乱華Ⅱ
ふかふかの布団に入ると微かに颯人の香りが鼻腔をくすぐった。
そして寝る体制を取ろうとした所で部屋の扉がふたたび開いた。
ドアへと目を向けると、スウェットに着替えた颯人がいて、何を思ったのかそのままベットへと侵入してきた。
「…颯人?」
「あ?」
いや、あ?じゃなくて。
なんで威嚇すんの。そんな鋭い目しないでよ。
意味わかんない。
「…一緒に寝るの?」
「あぁ。

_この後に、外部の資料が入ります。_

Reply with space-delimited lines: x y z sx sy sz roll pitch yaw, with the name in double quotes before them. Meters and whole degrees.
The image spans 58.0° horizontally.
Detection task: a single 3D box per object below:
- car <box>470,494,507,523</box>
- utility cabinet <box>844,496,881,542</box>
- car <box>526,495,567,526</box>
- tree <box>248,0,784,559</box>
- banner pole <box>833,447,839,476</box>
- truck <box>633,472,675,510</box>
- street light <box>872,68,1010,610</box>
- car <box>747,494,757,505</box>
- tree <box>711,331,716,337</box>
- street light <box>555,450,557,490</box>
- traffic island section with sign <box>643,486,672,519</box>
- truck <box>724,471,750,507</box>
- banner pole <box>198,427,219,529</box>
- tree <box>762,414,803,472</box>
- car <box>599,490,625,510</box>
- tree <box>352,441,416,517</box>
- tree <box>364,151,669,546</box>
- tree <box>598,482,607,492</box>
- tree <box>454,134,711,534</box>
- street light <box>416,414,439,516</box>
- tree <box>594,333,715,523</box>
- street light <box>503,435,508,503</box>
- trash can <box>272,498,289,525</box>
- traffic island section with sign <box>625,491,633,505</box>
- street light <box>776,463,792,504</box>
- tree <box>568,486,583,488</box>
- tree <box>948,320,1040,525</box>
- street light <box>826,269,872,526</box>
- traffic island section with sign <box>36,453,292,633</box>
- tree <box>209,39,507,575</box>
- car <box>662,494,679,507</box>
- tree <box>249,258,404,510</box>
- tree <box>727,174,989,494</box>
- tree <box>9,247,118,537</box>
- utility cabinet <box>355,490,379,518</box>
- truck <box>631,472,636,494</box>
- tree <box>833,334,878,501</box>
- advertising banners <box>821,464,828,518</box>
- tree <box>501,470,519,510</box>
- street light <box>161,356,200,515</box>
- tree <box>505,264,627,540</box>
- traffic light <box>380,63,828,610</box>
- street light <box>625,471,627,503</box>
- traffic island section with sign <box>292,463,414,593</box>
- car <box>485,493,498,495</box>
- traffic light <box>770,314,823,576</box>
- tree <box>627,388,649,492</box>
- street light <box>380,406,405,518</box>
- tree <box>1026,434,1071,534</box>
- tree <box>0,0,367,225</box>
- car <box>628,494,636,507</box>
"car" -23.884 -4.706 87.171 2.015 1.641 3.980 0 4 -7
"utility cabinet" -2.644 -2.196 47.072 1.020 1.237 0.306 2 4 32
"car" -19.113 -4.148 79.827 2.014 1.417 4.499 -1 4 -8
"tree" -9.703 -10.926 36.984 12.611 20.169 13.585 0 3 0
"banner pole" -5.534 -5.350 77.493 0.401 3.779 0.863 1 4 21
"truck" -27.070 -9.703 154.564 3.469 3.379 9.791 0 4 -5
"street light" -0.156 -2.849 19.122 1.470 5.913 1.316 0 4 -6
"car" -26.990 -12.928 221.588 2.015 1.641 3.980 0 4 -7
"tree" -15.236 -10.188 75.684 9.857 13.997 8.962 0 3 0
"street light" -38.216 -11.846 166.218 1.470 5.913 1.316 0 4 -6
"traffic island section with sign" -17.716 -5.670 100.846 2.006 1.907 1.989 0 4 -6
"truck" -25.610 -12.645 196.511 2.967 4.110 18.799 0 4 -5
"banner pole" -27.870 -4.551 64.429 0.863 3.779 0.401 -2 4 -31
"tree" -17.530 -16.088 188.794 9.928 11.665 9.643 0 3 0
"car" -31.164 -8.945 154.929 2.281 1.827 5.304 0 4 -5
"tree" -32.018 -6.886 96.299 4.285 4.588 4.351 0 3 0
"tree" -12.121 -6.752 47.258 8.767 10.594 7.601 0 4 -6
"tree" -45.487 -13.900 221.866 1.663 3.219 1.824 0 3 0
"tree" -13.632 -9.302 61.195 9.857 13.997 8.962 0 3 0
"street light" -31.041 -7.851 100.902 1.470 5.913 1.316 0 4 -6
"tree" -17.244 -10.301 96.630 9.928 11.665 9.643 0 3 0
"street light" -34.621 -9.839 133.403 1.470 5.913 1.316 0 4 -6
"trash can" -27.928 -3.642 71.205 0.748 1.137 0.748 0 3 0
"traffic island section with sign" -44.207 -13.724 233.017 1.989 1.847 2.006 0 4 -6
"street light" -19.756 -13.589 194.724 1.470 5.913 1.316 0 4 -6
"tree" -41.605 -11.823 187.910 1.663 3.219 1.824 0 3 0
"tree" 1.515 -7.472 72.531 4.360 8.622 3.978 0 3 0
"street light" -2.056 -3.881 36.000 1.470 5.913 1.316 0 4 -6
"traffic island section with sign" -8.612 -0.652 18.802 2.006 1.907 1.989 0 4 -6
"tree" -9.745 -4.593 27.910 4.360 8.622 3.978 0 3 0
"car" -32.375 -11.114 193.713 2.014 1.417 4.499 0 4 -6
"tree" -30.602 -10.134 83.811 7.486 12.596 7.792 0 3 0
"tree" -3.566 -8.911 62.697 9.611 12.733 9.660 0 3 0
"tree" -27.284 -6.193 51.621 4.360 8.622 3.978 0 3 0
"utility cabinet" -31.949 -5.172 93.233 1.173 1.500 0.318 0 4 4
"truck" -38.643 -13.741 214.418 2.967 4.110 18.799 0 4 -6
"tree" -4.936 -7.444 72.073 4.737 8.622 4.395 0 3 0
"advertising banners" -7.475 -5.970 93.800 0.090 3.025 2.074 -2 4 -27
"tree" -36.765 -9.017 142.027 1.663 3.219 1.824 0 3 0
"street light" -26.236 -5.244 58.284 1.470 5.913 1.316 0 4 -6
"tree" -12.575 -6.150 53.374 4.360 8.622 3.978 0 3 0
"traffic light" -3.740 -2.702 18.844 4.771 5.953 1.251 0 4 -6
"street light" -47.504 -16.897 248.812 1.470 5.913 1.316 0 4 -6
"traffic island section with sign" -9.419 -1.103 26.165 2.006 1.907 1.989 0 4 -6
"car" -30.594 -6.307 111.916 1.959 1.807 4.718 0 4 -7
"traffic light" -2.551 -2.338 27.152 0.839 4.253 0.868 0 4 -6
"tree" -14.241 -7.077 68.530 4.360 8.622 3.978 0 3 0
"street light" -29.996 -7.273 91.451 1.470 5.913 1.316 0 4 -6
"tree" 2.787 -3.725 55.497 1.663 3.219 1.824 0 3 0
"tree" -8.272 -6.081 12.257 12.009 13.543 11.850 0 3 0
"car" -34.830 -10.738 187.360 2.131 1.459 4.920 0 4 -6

何もしねーよ」
いや、そんな心配してませんけど?
颯人はそう言ったかと思うと、私に背を向けた。
それにならって私も颯人と反対を向いて目を閉じた。
しーんとした部屋に響く時計の音。
外からたまに聞こえる車の音。
ここのマンションは夜より夜中の方が騒がしいのか、と前の時と比べてげっそりした。
「…」
「…」
「…颯人、もう寝た?」
「…」
返事はなくて、その代わりにスースーと寝息が聞こえてくる。
「………もしも。…もしも、いつか話せる時が来たら…その時は…ちゃんと聞いて、ね」
ポツリ小さな声で呟いて眠りにつく。
「あぁ」
意識が飛ぶ瞬間、颯人の声が聞こえた気がした。